■ Directions for this task ■
Images are to be left out; everything else in the records gets copied exactly.

- Opening Delimiter -

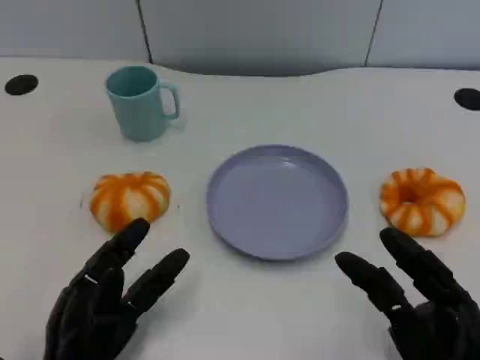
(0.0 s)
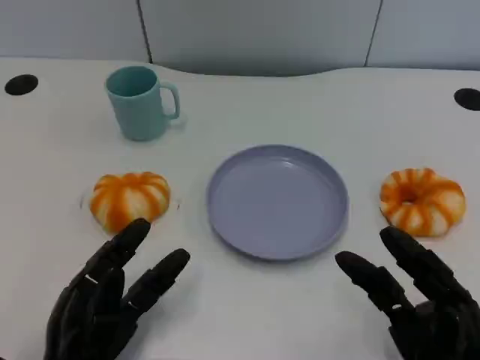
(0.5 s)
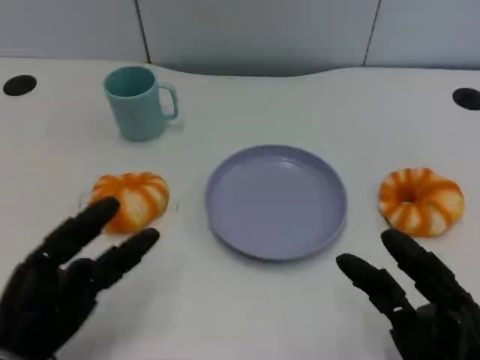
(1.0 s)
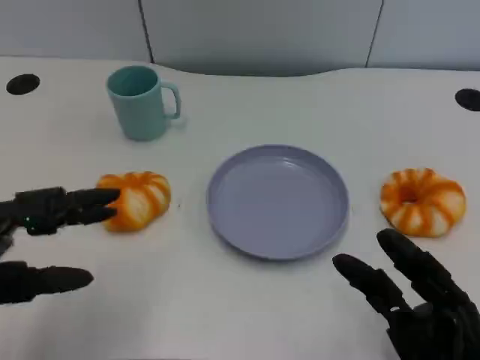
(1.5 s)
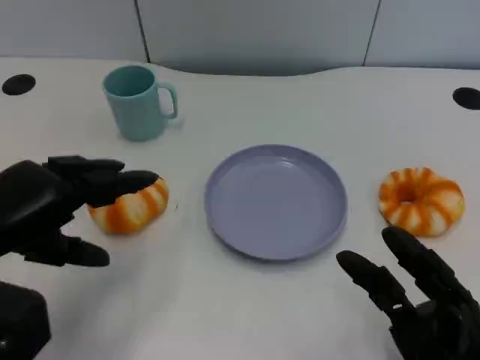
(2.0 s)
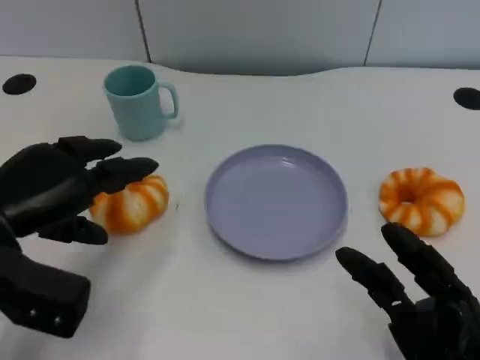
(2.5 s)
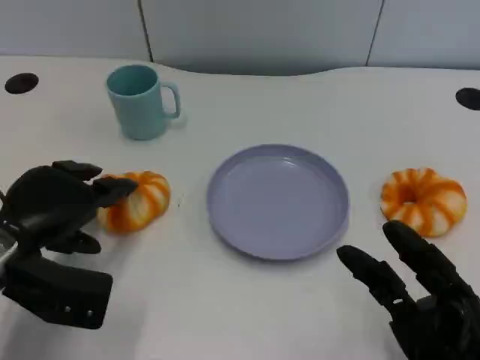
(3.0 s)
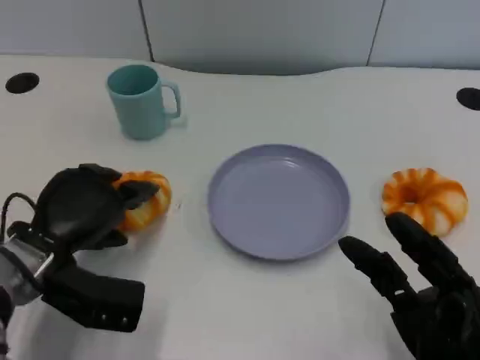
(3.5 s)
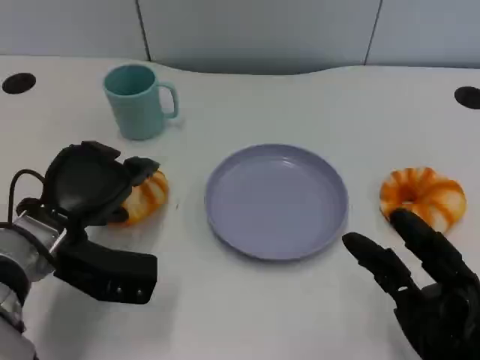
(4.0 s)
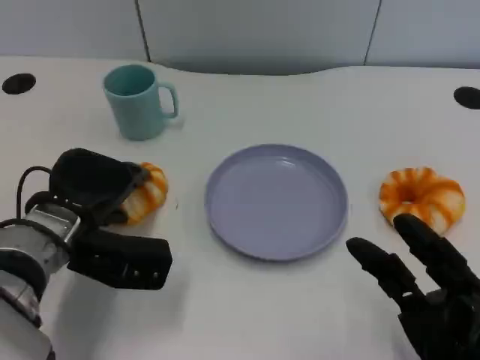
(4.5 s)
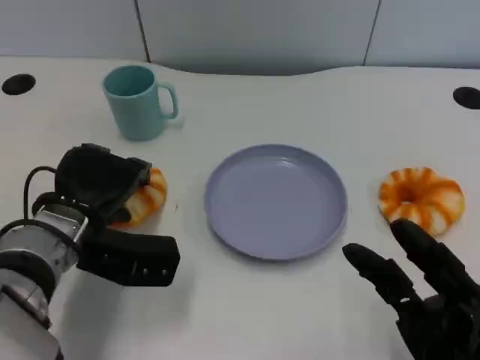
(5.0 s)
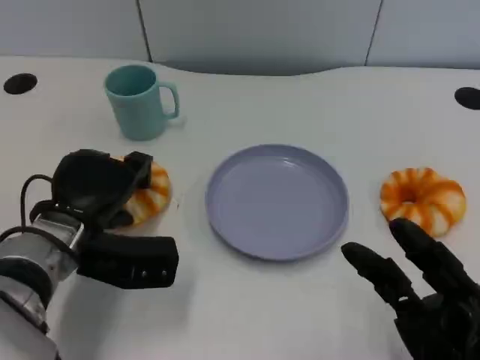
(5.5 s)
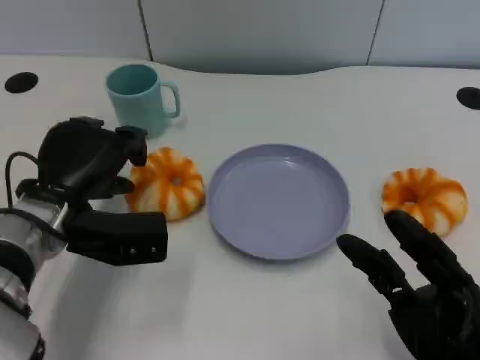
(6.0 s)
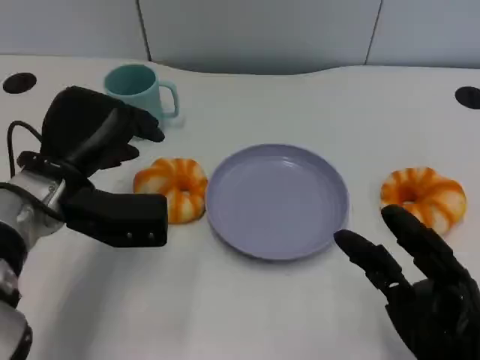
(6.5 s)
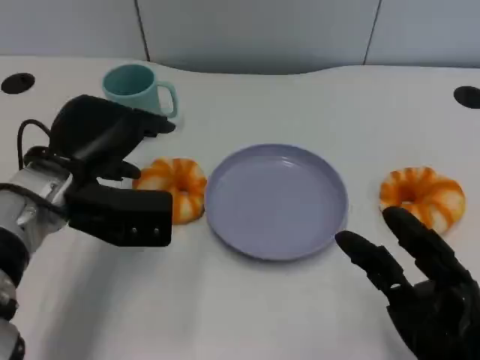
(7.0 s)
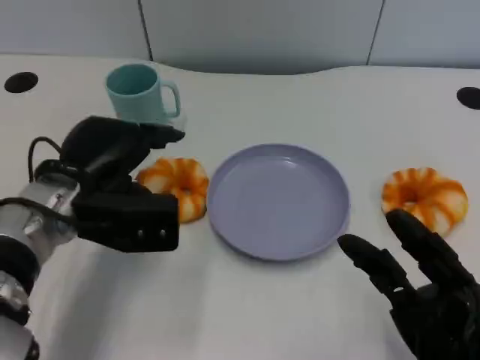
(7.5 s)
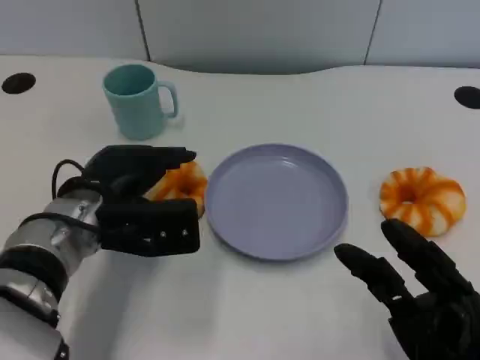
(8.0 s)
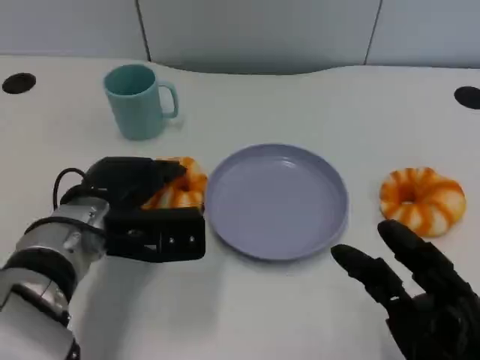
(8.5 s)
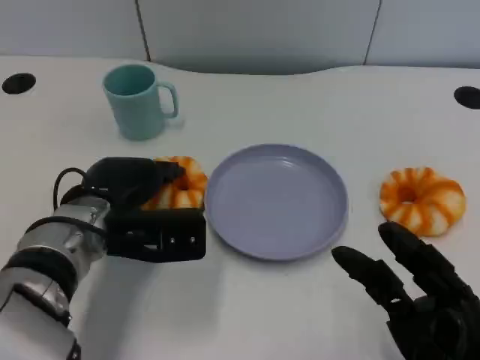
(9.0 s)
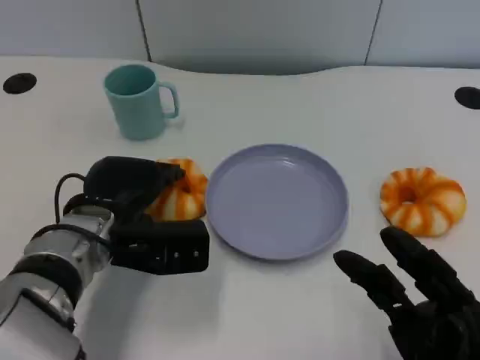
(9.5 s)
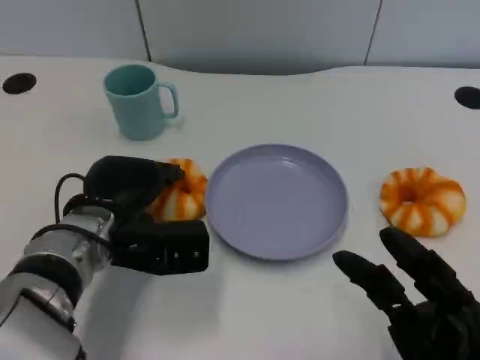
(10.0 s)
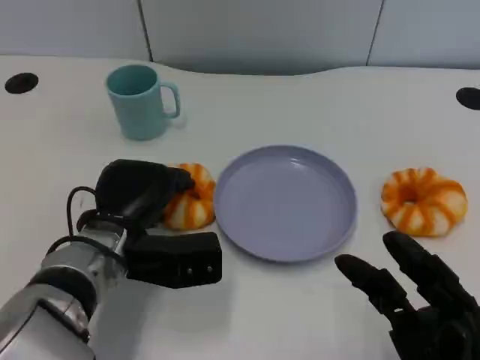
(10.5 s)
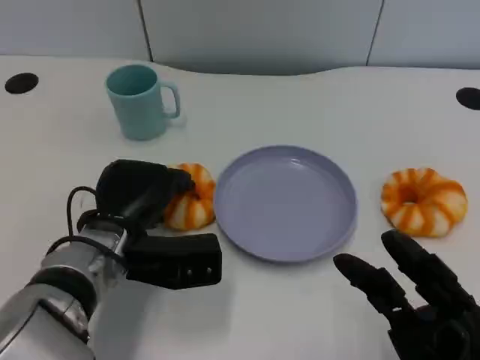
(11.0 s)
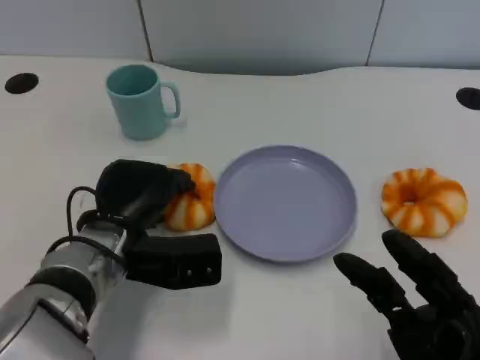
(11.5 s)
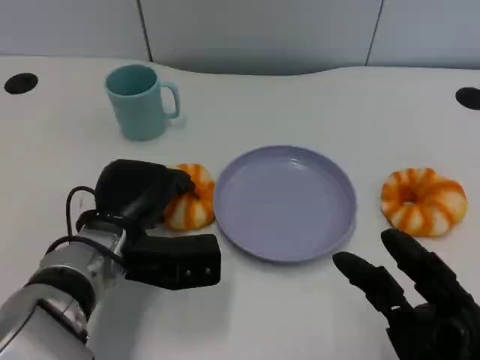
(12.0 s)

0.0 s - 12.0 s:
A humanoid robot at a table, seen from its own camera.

- Closing Delimiter -

■ Solution to the exercise ■
(0.0 s)
(0.5 s)
(1.0 s)
(1.5 s)
(2.0 s)
(2.5 s)
(3.0 s)
(3.5 s)
(4.0 s)
(4.5 s)
(5.0 s)
(5.5 s)
(6.0 s)
(6.5 s)
(7.0 s)
(7.5 s)
(8.0 s)
(8.5 s)
(9.0 s)
(9.5 s)
(10.0 s)
(10.5 s)
(11.0 s)
(11.5 s)
(12.0 s)

0.0 s - 12.0 s:
A humanoid robot at a table, seen from its own camera.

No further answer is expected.